Scientific classification
- Kingdom: Animalia
- Phylum: Bryozoa
- Class: Gymnolaemata
- Order: Cheilostomatida
- Family: Membraniporidae
- Genus: Jellyella Taylor and Monks, 1997

= Jellyella =

Genus of moss animals

Jellyella is a genus of bryozoans in the family Membraniporidae.

==Etymology==
The genus is named in honour of Eliza Catherine Jelly (1829–1914), of Cornwall, England, in honour of her contributions to the study of bryozoans.

==Morphology==
Jellyella closely resemble Membranipora, and in common with other members of the family Membraniporidae has twinned ancestrular zooids. However, Jellyella can be distinguished by the presence of intricately branched processes (called spinules) projecting into the zooidal chambers. Jellyella also have a calcitic skeletal ultrastructure made up of transversely arranged, elongate spindles.

==Ecology==
Jellyella is unusual in being a pseudoplanktonic bryozoan found encrusting floating objects, both natural and artificial. Jellyella eburnea is common on shells of the squid Spirula (which become detached from the soft body of the squid after death) and on the shells of the planktonic gastropod Janthina.

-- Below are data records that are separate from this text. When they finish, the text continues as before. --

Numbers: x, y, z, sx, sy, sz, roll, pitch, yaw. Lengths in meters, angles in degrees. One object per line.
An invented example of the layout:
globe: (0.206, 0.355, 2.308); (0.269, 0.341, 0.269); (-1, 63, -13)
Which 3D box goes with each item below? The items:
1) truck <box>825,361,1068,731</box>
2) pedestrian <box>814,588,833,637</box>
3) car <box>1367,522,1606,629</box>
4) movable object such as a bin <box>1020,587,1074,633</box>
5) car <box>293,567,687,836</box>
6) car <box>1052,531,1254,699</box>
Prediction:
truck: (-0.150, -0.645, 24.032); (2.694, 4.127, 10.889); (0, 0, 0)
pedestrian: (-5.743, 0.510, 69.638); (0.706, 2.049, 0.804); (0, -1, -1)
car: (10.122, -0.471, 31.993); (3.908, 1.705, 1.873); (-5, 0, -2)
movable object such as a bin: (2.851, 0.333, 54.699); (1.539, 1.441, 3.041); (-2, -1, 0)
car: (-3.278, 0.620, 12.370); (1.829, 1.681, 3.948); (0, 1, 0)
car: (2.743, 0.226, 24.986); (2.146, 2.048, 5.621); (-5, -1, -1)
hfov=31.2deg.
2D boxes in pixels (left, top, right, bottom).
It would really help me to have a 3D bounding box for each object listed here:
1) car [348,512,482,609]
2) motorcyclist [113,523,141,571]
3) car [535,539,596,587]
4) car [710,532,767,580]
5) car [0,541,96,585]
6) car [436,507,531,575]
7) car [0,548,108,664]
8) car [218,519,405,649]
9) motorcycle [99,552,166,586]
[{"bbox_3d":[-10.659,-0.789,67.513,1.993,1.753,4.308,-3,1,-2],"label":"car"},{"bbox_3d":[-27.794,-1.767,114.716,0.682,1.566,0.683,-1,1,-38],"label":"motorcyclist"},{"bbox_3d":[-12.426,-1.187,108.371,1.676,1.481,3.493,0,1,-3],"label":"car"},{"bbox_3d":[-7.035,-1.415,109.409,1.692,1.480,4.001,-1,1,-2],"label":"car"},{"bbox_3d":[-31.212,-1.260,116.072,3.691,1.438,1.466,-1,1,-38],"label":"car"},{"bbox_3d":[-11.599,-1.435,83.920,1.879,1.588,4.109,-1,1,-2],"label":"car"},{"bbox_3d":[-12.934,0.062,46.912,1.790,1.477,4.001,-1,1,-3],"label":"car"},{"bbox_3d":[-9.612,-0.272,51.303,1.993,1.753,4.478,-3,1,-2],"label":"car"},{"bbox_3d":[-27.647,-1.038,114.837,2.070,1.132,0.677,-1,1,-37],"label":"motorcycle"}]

Jellyella tuberculata grows on the floating alga Sargassum, and on flat-bladed kelp and other seaweeds around the Cape Peninsula of South Africa. In Cape waters it is preyed upon by the crazed nudibranch, Corambe sp.

By contrast, most other bryozoans are benthic, encrusting hard substrates such as kelp or rocks.

Jellyella can live through various ocean environments. Its growth efficiency increase as food concentration increases <Swezey>

==Species==
- Jellyella eburnea (Hincks, 1891). Tropical Pacific, Atlantic, Indian Oceans.
- Jellyella tuberculata (Bosc, 1802). Widespread, subtropical. Colloquially known as the Gulf weed bryozoan.